Conducting in-depth interviews of people who survived the Indian Ocean tsunami or those who lost their loved ones in the disaster, nurse researchers found that such individuals went through a complex process of trauma and grief.
Research collaborators from Norway-based Haugesund University College and the Karolinska Institute in Stockholm have revealed that they talked to people about their emotions and attitudes to life following the tragedy.
They observed that the emotions expressed by the study participants ranged from the initial pleasure of being on a dream holiday, through to the trauma of the event, their grief and loss and the way that families pulled together to come to terms with what had happened.
The earthquake off the coast of Sumatra on 26 December 2004, and the resulting tsunami, are estimated to have killed somewhere in the region of a quarter of a million people. They included 543 Swedish tourists, including 140 children under the age of 18. A further 66 Swedish children lost at least one parent.
"We carried out one-to-one and group interviews with 19 people recruited in collaboration with the Swedish Red Cross to find out how the event had affected them.
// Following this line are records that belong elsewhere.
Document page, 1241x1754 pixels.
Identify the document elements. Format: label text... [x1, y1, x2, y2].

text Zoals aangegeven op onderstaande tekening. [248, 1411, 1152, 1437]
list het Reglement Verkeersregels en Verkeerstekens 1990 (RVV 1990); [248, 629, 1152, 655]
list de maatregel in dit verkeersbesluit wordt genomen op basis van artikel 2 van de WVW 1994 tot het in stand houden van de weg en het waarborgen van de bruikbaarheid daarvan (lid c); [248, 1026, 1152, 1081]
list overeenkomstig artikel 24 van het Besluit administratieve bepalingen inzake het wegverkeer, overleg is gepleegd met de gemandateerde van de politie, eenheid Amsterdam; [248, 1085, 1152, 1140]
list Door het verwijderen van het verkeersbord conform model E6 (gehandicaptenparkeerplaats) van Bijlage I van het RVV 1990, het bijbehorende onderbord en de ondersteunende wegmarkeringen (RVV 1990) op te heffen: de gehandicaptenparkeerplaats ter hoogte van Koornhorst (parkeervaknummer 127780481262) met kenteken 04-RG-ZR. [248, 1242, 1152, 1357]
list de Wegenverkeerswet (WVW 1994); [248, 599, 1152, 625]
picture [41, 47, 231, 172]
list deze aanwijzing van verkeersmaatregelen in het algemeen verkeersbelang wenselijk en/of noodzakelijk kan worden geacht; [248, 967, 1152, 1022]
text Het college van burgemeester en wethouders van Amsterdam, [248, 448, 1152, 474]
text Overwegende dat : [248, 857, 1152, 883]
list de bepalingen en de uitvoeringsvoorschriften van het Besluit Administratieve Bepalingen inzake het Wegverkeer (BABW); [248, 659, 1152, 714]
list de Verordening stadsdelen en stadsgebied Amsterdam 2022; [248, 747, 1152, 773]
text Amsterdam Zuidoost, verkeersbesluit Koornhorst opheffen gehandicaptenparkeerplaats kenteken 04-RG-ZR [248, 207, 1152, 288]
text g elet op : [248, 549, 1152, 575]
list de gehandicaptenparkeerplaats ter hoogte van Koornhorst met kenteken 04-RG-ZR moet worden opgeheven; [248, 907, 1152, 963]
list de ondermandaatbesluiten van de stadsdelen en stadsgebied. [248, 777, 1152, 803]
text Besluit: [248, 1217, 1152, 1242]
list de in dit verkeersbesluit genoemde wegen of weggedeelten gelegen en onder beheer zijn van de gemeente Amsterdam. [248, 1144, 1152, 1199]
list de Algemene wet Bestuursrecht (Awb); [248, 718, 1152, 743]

The paper just published in the Journal of Advanced Nursing looks at their initial reactions to being caught up in this international tragedy and we will be reporting our longer term findings in due course," says the study's lead author, Dr. Maj-Britt Raholm.
The team started the interviews with the 13 women and six men, aged from 24 to 67 years, 21 months after the tsunami. Interviews were undertaken a further five times, at eight-week intervals.
Twelve of the people interviews were on holiday when the tsunami struck, and included a man who lost his daughter and his mother and a couple who lost their child.
The other seven participants were at home in Sweden.
Some lost as many as four family members, including children, in the tragedy.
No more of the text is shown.